• Economy
  • Editor’s Pick
Money Rise Today – Investing and Stock News
  • Investing
  • Stock
Investing

BlackRock limits withdrawals as private credit redemptions surge

by March 6, 2026
written by March 6, 2026

Mounting redemption requests across private credit funds are raising fresh questions about the resilience of one of the fastest-growing corners of the global debt market.

BlackRock, the world’s largest asset manager, has limited withdrawals from one of its flagship private credit vehicles for the first time, underscoring growing investor unease as volatility spreads across financial markets.

Shares of BlackRock fell about 7% in late morning trading, hitting their lowest level since May, after the firm said its HPS Corporate Lending Fund would stick to its plan to repurchase only up to 5% of shares this quarter, approximately representing $620 million, despite receiving significantly higher redemption requests.

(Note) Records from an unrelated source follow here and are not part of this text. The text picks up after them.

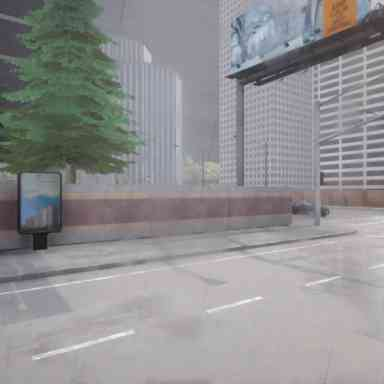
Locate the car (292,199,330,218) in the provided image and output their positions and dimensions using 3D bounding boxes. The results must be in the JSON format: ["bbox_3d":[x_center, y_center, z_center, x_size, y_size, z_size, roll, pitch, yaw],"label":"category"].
[{"bbox_3d":[10.241,1.478,30.850,1.882,1.535,5.008,0,0,-35],"label":"car"}]

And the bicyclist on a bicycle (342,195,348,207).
[{"bbox_3d":[21.307,1.301,46.345,1.656,1.620,0.582,0,0,-35],"label":"bicyclist on a bicycle"}]

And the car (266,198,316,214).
[{"bbox_3d":[10.713,1.491,36.242,2.128,1.511,4.902,0,0,-35],"label":"car"}]

The fund, known by its ticker HLEND, received requests to redeem 9.3% of its shares during the latest quarter, according to a letter sent to investors on Friday.

It marked the first time since the fund’s launch four years ago that redemption requests exceeded its quarterly limit.

Liquidity limits highlight structural mismatch

The decision highlights a key feature of many private credit vehicles: limited liquidity.

Unlike public bond funds, private credit portfolios typically consist of loans to midsize companies that cannot be quickly sold in open markets.

Managers argue that such limits are essential to preserving returns and avoiding forced asset sales.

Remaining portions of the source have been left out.